2: introducción del vector en la célula hospedadora. Transformación bacteriana (captación e internalización por parte de una bacteria de moléculas de ADN desnudas presentes en el medio externo - competentes: tratamiento químico (cloruro sódico) y físico (choque térmico) permeabilidad pared y membrana, facilita vector recombinante al interior de las bacterias y siembra). Transfección (animales - introducción de vectores recombinantes en células eucariotas no mediada por virus basados en la utilización de agentes químicos. Vector con fosfato cálcico sobre un cultivo, el vector coprecipita sobre las membranas y es introducido dentro por endocitosis. Incluir el vector en el interior de liposomas, se fusionan con las membranas y liberan su contenido al interior de la célula). Transducción (introducción de material genético extraño en una célula por acción de un virus - el vector recombinante se empaqueta dentro de la cápside de un virus con el que se infecta un cultivo). Electroporación (consiste en aplicar cortos pulsos eléctricos de alto voltaje a una mezcla de células hospedadoras en suspensión y vectores recombinantes en solución).

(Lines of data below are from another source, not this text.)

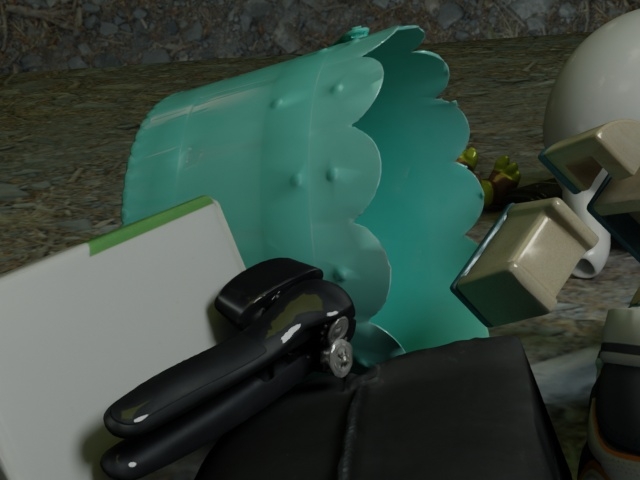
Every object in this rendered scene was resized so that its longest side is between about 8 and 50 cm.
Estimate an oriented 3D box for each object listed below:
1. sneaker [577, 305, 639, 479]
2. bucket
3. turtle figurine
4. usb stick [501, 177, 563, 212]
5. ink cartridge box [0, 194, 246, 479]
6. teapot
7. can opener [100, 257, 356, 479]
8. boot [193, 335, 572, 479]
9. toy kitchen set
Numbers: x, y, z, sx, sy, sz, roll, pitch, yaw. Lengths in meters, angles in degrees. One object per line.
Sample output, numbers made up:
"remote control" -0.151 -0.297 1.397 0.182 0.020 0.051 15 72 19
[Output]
"sneaker" 0.214 0.112 0.638 0.126 0.127 0.321 3 -6 25
"bucket" 0.000 0.000 0.774 0.183 0.281 0.281 -6 16 21
"turtle figurine" 0.116 -0.059 1.221 0.217 0.087 0.269 -8 8 -36
"usb stick" 0.327 -0.063 1.256 0.278 0.045 0.077 -16 22 -31
"ink cartridge box" -0.195 0.087 0.635 0.278 0.117 0.201 -19 6 37
"teapot" 0.356 -0.101 1.067 0.253 0.256 0.187 2 23 -14
"can opener" -0.043 0.068 0.566 0.073 0.059 0.186 15 32 30
"boot" -0.072 0.173 0.439 0.367 0.146 0.445 -4 17 9
"toy kitchen set" 0.203 0.040 0.780 0.166 0.207 0.122 -52 14 -24

3: selección e identificación de clones recombinantes: Genes de resistencia a antibióticos (ampicilina y tetraciclina - el punto de inserción del ADN extraño se encuentra en el interior de la secuencia de uno de los genes de resistencia de manera que en los vectores recombinantes ese gen no es funcional, ya que su secuencia está interrumpida por el inserto de ADN extraño). Estrategia cromogénica (bacterias hospedadoras defectivas lac- y vectores que contienen un gen de resistencia al antibiótico y el gen LacZa con un polylinker en su interior - selección e identificación a la vez en un medio sólido con el antibiótico (inductor lac y sustrato X-gal), blancas: vector recombinante (lac-), azules: vector no recombinante (lac+). Proteínas fluorescentes (vectores con un gen de resistencia para la selección y un gen que codifica una proteína (GFP) fluor (polylinker) para la identificación - fluor: bacterias transformadas con plásmidos no recombinantes; no fluor: plásmidos recombinantes). Genes letales (gen de resistencia a un antibiótico (selección) y gen que codifica para una proteína letal (identificación) con un polylinker y se cultiva en un medio con el antibiótico).

Bibliotecas de ADN

Bibliotecas de ADN: es una colección de vectores recombinantes clonados cuyas secuencias de ADN extraño se han obtenido de un único organismo. Bibliotecas genómicas (vectores recombinantes clonados que incluyen el genoma completo de un organismo). Bibliotecas cromosómicas (bibliotecas de ADN construidas a partir de un único cromosoma o fracción cromosómica). Biblioteca de ADNc (a partir del ARNm de un tejido o una población celular determinada, previa transcripción inversa con una retrotranscriptasa). Análisis: 1: identificación del clon (técnicas de hibridación). 2: paseo cromosómico (identificación de clones que porten secuencias consecutivas). 3: secuenciación (descifrar la secuencia del ADN).

Aplicaciones

Aplicaciones: fabricación de productos terapéuticos (insulina, hormona del crecimiento, antiHb), terapia génica (tratamiento contra la inmunodeficiencia combinada grave), alimentos resistentes a plagas y herbicidas (trigo resistente al insecto barrenador), alimentos mejorados o más eficientes, control de plagas (mosquitos resistentes a la malaria).